S’il fallait expliquer ce qu’est la découverte d’une passion à quelqu’un qui n’a encore jamais eu la chance de le vivre, le roman graphique de Benoît Peeters et d’Aurélia Aurita serait sans aucun doute une première lecture à conseiller tant il transporte le lecteur, avec intelligence et poésie, au cœur des souvenirs d’une jeunesse marquée par la rencontre de la cuisine.
Années ’70. Jeune homme prometteur, intellectuel précoce, Benoît Peeters a tout pour réussir et obtenir un statut, ce que désirent surtout pour lui ses parents. Passionné du Nouveau Roman, il découvre la Nouvelle Cuisine et s’essaye tant bien que mal à cet art qui lui est en grande partie étranger. Il cuisine, assez mal dans un premier temps, raconte-t-il, mais il s’applique. Une première escapade, hésitante et maladroite, dans un restaurant gastronomique provoque une véritable révélation culinaire et sensorielle. Il expérimente alors, teste, avance par essais-erreurs, suit les recettes des maîtres avec application, sa satisfaction grandissant avec sa maîtrise de l’art, dont l’acquisition est inévitablement ponctuée d’échecs et de déceptions. Un temps, il se fait « chef à domicile », pour gagner un peu d’argent, de quoi (sur)vivre, avant de lever le pied suite à une série de déconvenues ; il revient alors à ses premiers amours, l’écriture.
Élève du philosophe et sémiologue Roland Barthes, sous la direction duquel il mène une recherche sur Tintin, il a multiplié les façons de vivre par l’art et de le pratiquer. Auteur composite et polyvalent, il est un commentateur averti de l’œuvre d’Hergé, un scénariste de bandes dessinées reconnu (on lui doit ainsi, avec le dessinateur François Schuiten, la série Les Cités obscures ), un essayiste, un biographe (de Jacques Derrida, notamment). Avec Marie-Françoise, sa compagne d’alors, qui occupe une place de choix dans ce récit autobiographique, ils réinventent avec goût un genre malaimé, le roman photo, tandis que, plus tard, il se fera aussi réalisateur (d’œuvres de fiction comme de documentaires), éditeur (dans sa propre maison, Les Impressions Nouvelles, mais aussi comme conseiller pour Casterman) ou enseignant (au CNAM – Conservatoire national des arts et métiers, à Paris).

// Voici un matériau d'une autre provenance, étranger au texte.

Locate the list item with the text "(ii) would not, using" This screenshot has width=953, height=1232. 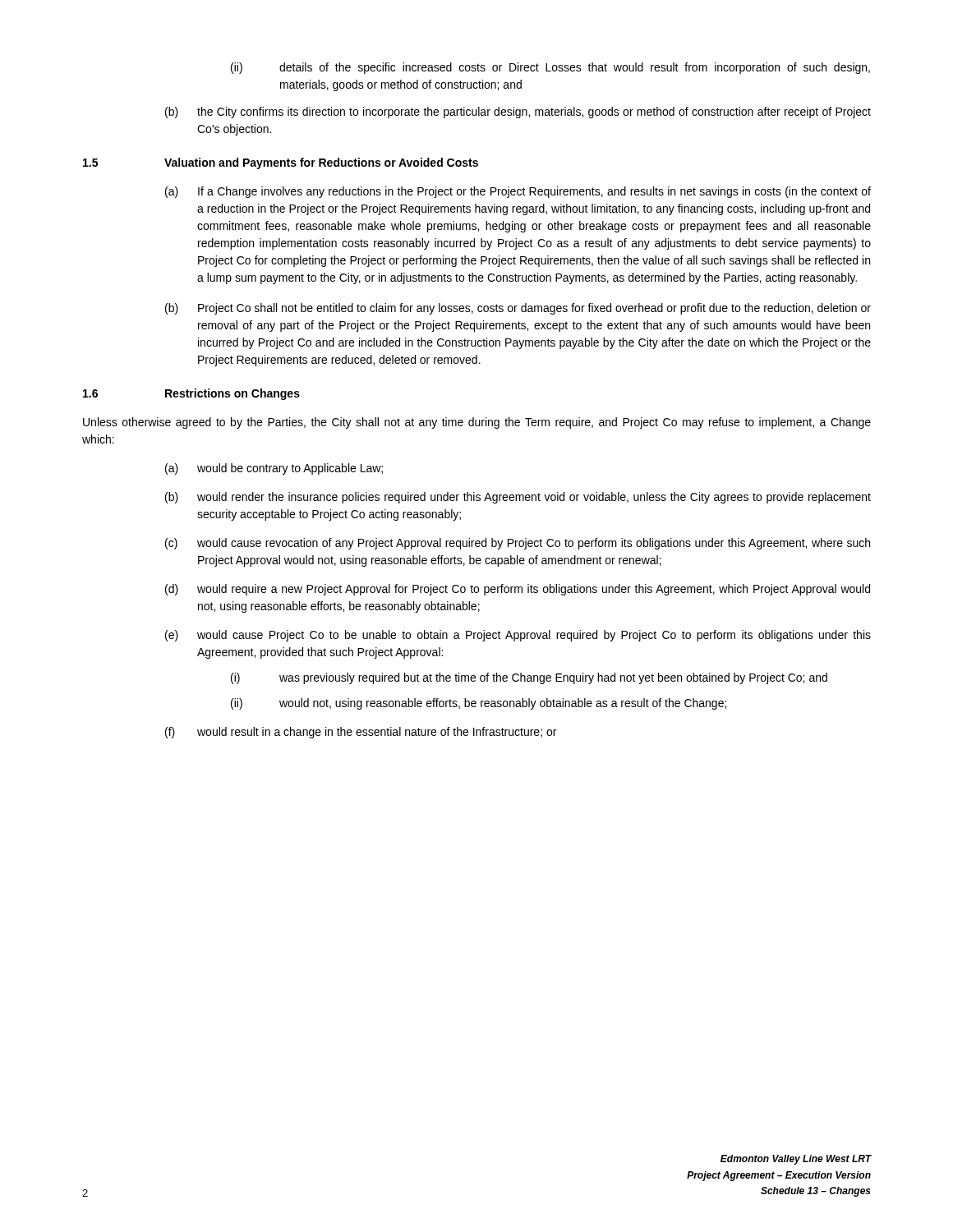click(x=476, y=703)
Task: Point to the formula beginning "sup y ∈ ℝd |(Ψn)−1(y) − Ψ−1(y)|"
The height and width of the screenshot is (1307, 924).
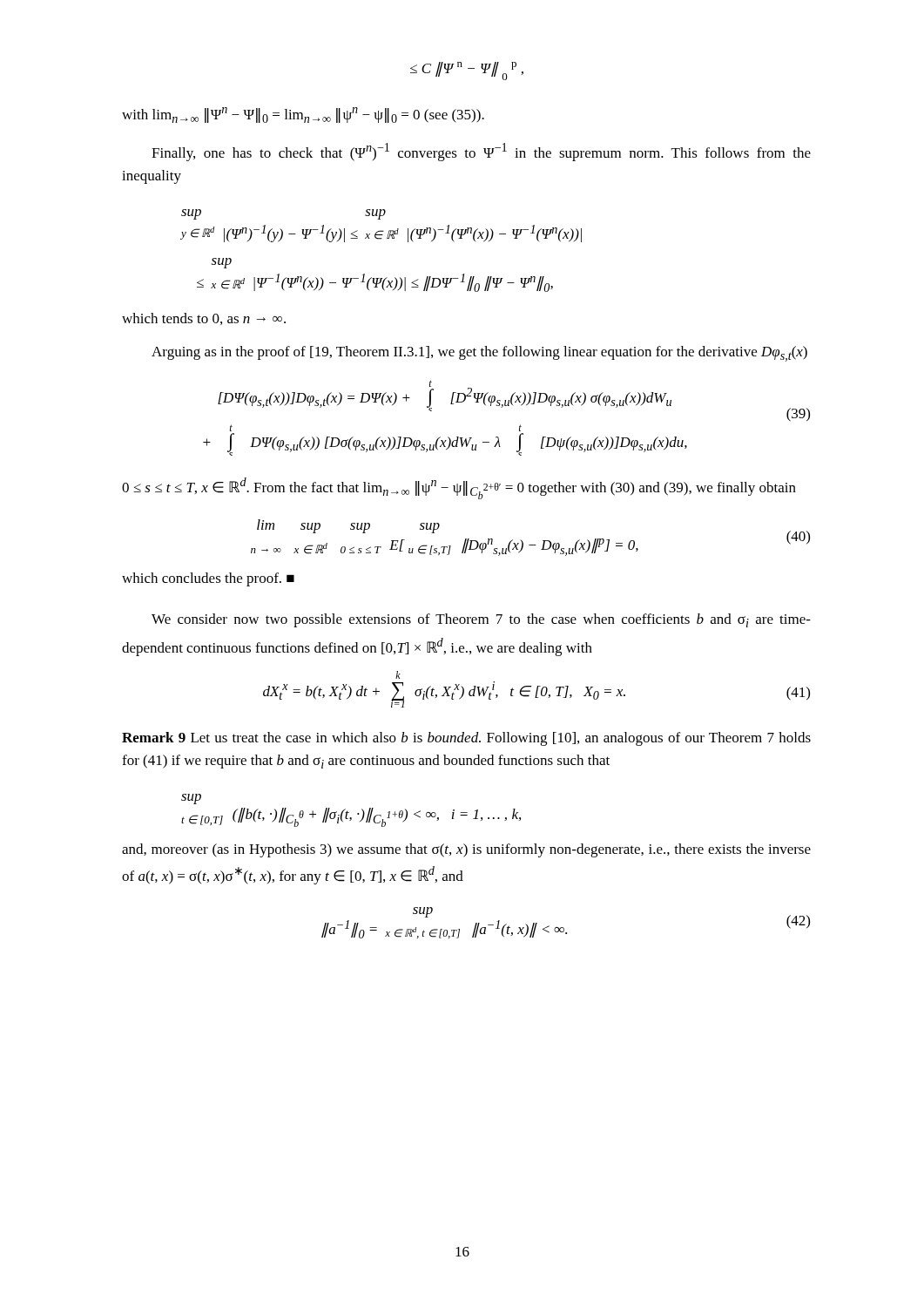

Si son amour pour la cuisine n’a jamais quitté Benoît Peeters, il a abandonné l’idée d’en faire son métier, sans pour autant renoncer à cuisiner ou à trouver chez d’autres l’émerveillement et l’explosion maîtrisée de saveurs qu’il a découverts jeune adulte.
Loin d’être un récit autobiographique pesant, comme c’est trop souvent le cas dans ce genre, Comme un chef prend le prétexte de la quête gustative de l’auteur pour nous raconter l’évolution de la cuisine ces dernières décennies. Surtout, il s’en sert pour partager avec le lecteur des saveurs, des odeurs, des couleurs, qu’il ne peut que deviner ainsi couchées sur le papier, mais qui (r)éveillent en lui des souvenirs, mais aussi des envies. Ode à la cuisine, ce récit graphique, inscrit dans le passé sans être déconnecté du présent, est aussi une invitation à l’expérimentation. Le ton est léger et, structuré par un rythme bien senti, l’album étonne, surprend, amuse, fait sourire, au gré des anecdotes de l’auteur et d’une mise en cases qui les soutient.

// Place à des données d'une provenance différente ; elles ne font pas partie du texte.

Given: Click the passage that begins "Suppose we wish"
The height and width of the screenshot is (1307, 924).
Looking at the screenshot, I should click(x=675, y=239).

Si dessiner la nourriture et la cuisine est loin d’être facile, et peut rapidement sombrer dans une suite d’images fades susceptibles de donner à voir une sorte de taxinomie aride d’un art qui, s’il se savoure avec les yeux, a pour objectif d’aller à la rencontre des papilles, la dessinatrice Aurélia Aurita évite tous ces travers de façon flottante. Auteure de la série Fraise et chocolat , elle sublime ici le récit, illustré en grande partie en noir et blanc, en dispensant çà et là quelques touches de couleurs bien choisies, qui soulignent et attirent le regard sur les aliments, comme sur ce soufflé aux framboises qui monte, qui monte, trop lentement, mais qui monte quand même et qui paraît presque vivre.
Comme un chef , paru début de l’année dans la collection « Écritures » de Casterman, est un bel album, doux et attachant, qui s’apprécie sans condition ; en effet, il n’est pas nécessaire de savoir cuisiner soi-même pour l’apprécier.